Geothermal energy, drawing on the natural heat of the Earth to extract and produce energy, has the benefits of all clean-energy solutions, plus a few more:
- Geothermal energy is the most reliably available. Other clean energy sources, such as solar or wind, are only available when the weather cooperates. Geothermal energy, by contrast, does not rely on uncontrollable outside forces.
- Engineered geothermal systems are less constrained by natural topography when looking for a source, whereas, to have an effective wind or solar farm, the location selected must meet specific natural conditions.
- Geothermal energy does not require as much land to produce its power as do other clean energies. A geothermal power plant only requires roughly 10 percent of the amount of land needed by a solar farm to produce the same amount of energy.
Thus far, the U.S. is the world's leader in the use of geothermal energy. There are geothermal power plants in seven states (California, Nevada, Utah, Montana, Idaho and Hawaii). California is, by far, making the most use of the plants, with 34 online, while Nevada gets power from 16 geothermal facilities. (The remaining states have one plant apiece.) Still, though, while that sounds like a lot of plants, geothermal energy accounts for just 0.4 percent of all U.S. electricity output [source: EIA].
There are three basic types of geothermal power plant: flash steam, dry steam and binary cycle. Flash steam is the most common type of geothermal plant. It takes hot water from deep in the Earth, converts it to steam for use in power generation and the lets the steam condense back into water, which is recycled back into the ground [source: EIA].
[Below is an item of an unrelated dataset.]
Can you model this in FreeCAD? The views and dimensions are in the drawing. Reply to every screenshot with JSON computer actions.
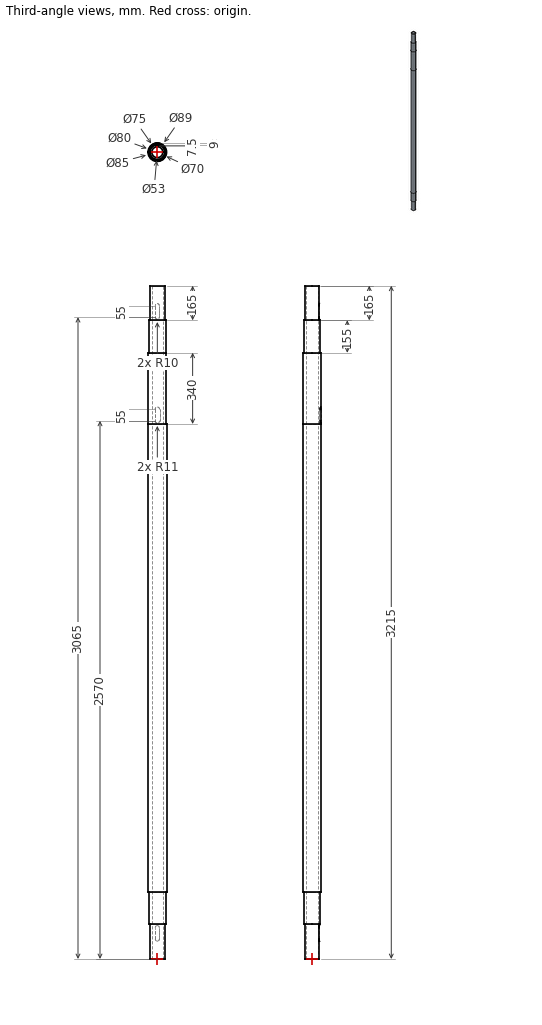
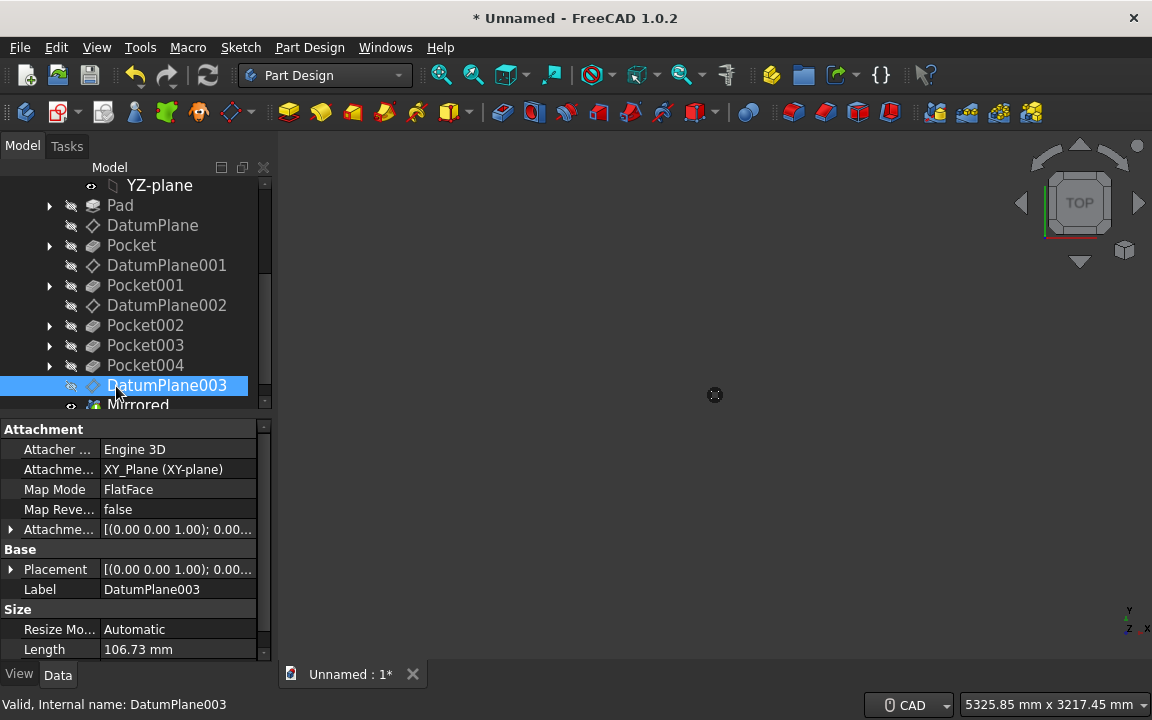
{"action": "left_click", "coordinate": [442, 76]}
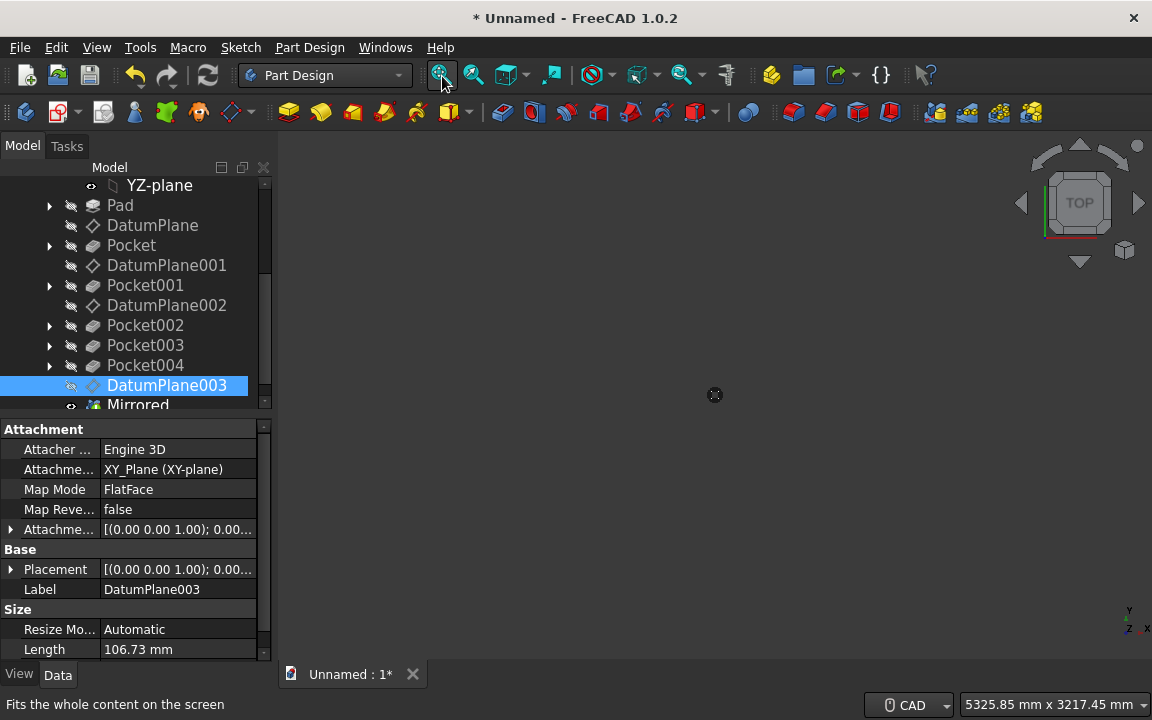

Interestingly, deep underground it turns out that some rocks are better than others at providing the materials needed to create energy. Basement, sedimentary and volcanic rocks -- far enough under the surface to be hot -- are particularly well suited. In addition to being naturally hot, they are also highly stressed. This means they have developed cracks over time. These cracks are valuable because they provide a place to force water into the rock. Doing this puts pressure on the rock, creating new cracks and pushing out the heated water and steam that is used to create geothermal energy.